Mutations in APC, the most frequently altered gene in CRC, are typically associated with cancer outcomes, but the authors found that overall survival was similar for patients of African heritage regardless of whether they had altered or wild-type APC (median overall survival, 45.0 months for altered APC vs 45.9 months for wild-type APC; P = .91). However, a significant association between APC status and overall survival was observed for patients of European ancestry (median, 64.6 months for altered APC, vs 45.6 months for wild-type APC; P < .0001).

Analyses that accounted for sex, age, primary tumor location, and stage at diagnosis also showed an association between APC status and overall survival for patients of European heritage (hazard ratio [HR], 0.64), but not for patients of African heritage (HR, 0.74, P = .492).

Walch noted that a limitation of the study is that information regarding comprehensive treatment, environmental exposures, lifestyle, and socioeconomic factors was not available for the analysis but that these elements likely play an important role in patient outcomes.
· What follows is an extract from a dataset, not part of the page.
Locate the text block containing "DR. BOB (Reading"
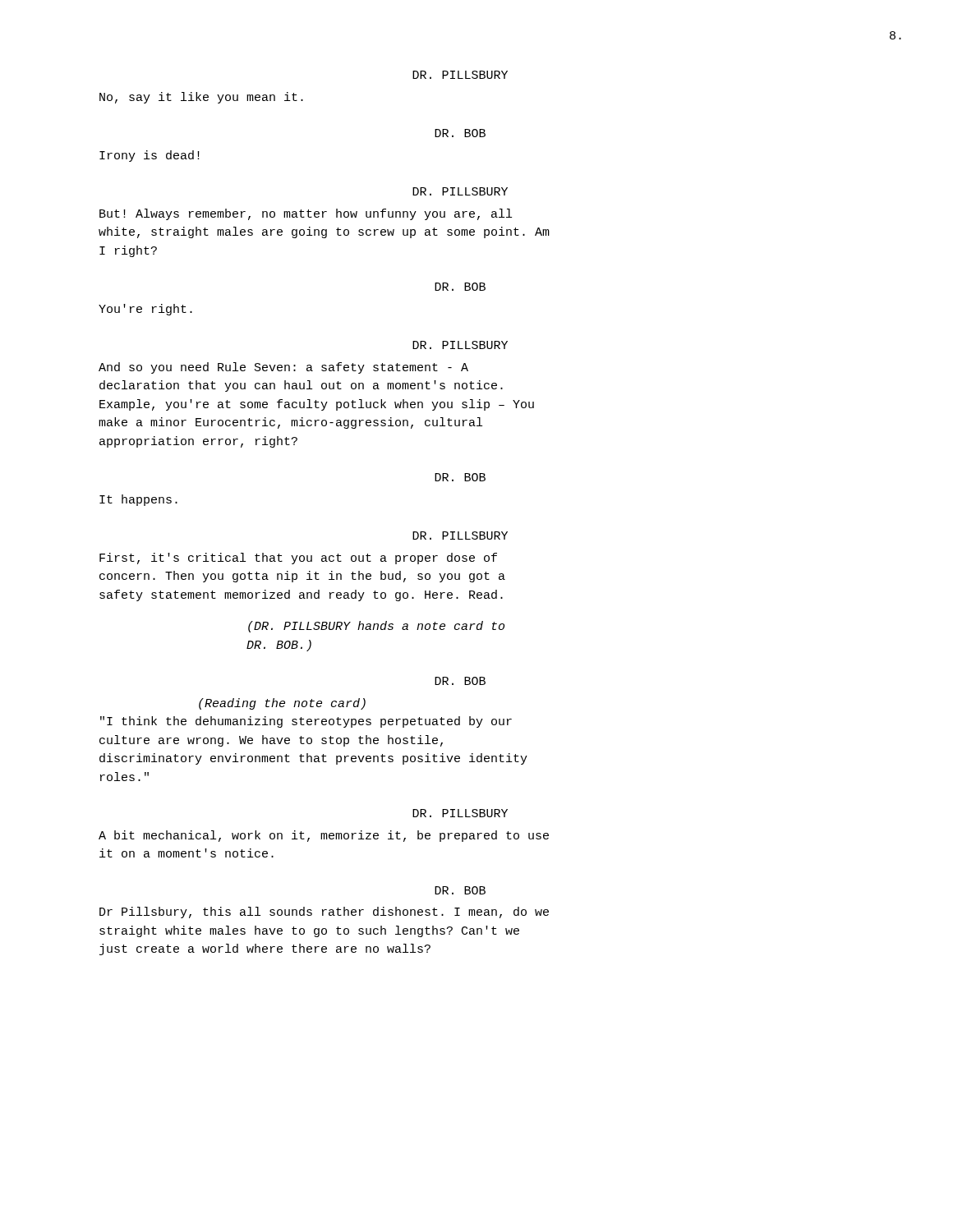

“This is a complex problem involving many unseen factors, and the genomic landscape is a piece of a much larger puzzle,” said Walch. He noted that future studies will incorporate these factors into the models “with the ultimate goal of identifying opportunities to intervene and improve outcomes.”

Briefing moderator Lisa Newman, MD, MPH, of Weill Cornell Medicine and New York–Presbyterian, in New York City, commented that Walch presented “some very compelling data that demonstrate the importance of including individuals from diverse backgrounds into [cancer] research.”

The study was funded in part by a Chris4Life Early Career Investigator Award Grant from the Colorectal Cancer Alliance for Francisco Sanchez-Vega, PhD, senior author of the study. Sanchez-Vega was also supported by an AACR-Minority and Minority-serving Institution Faculty Scholar in Cancer Research Award. Walch and Newman have disclosed no relevant financial relationships.

American Association for Cancer Research (AACR) Annual Meeting 2023: Abstract 1908. Presented April 17, 2023.